Nous visitions, avec
des amis, la cathédrale de Reims. Des petits boîtiers avec
écouteurs nous ont permis de bénéficier de commentaires
avisés. Grâce à eux, notre attention était
attirée sur nombre de détails qui seraient passés
inaperçus autrement. Synergie entre la technique électronique
d’aujourd’hui et les techniques architecturales du Moyen Âge.
Aperçu aussi sur la théologie de l’époque,
sur ce que l’Église voulait enseigner au peuple.

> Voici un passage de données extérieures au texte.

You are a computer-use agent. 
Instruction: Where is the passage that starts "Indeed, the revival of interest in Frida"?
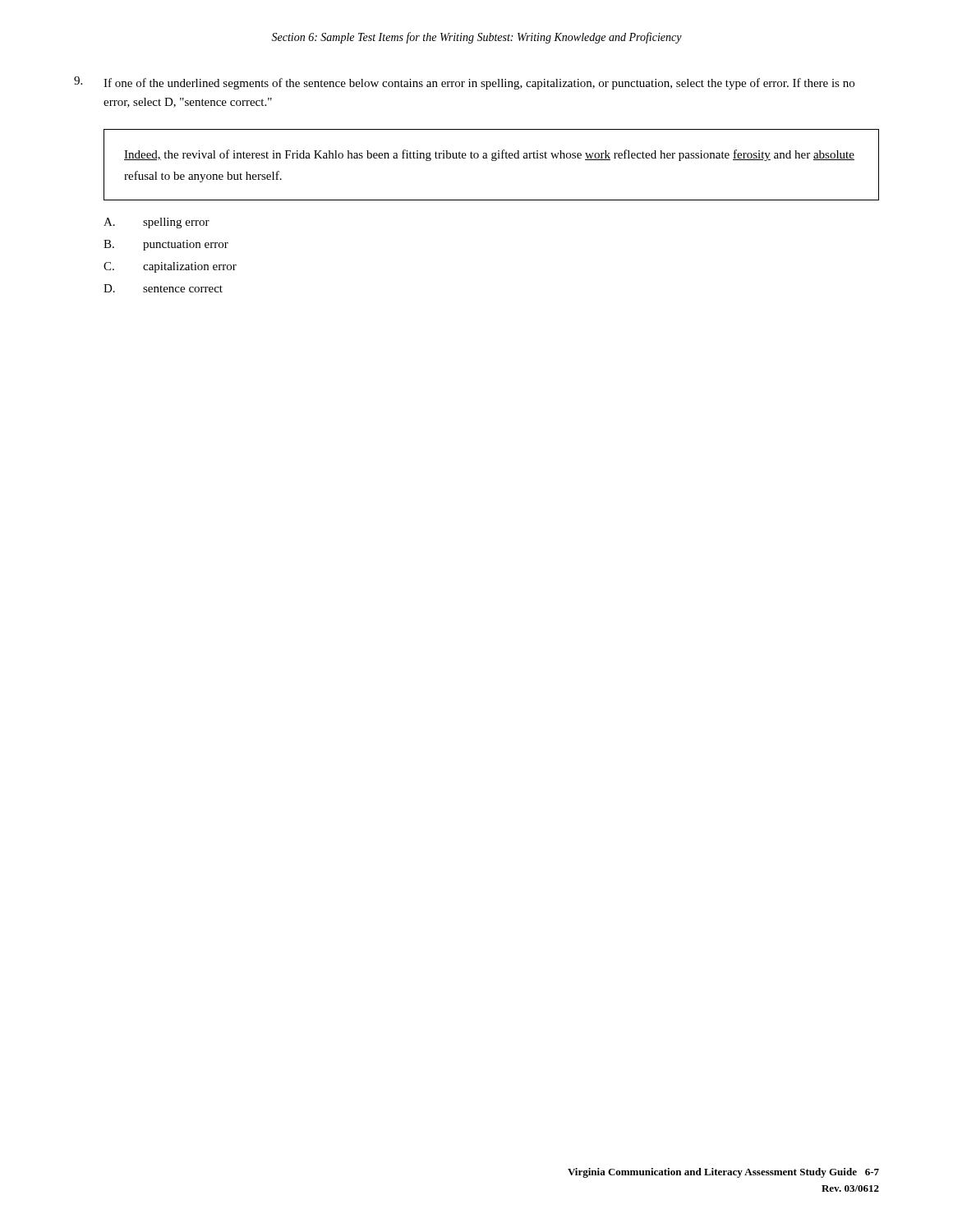pyautogui.click(x=489, y=165)

À l’extérieur, face au transept nord,
la cassette insista sur un visage de Dieu dont tous les traits débordaient,
paraît-il, de bonté. C’était, à l’entendre,
une prouesse artistique, que d’avoir ainsi pu exprimer dans la
pierre une telle bonté divine. Et puis, le commentaire poursuivit
sans transition : « Juste au dessus, une très expressive
représentation du Jugement Dernier. » On pouvait voir certains
damnés griller directement dans les flammes, tandis que d’autres
marinaient plus délicatement dans une énorme bouilloire.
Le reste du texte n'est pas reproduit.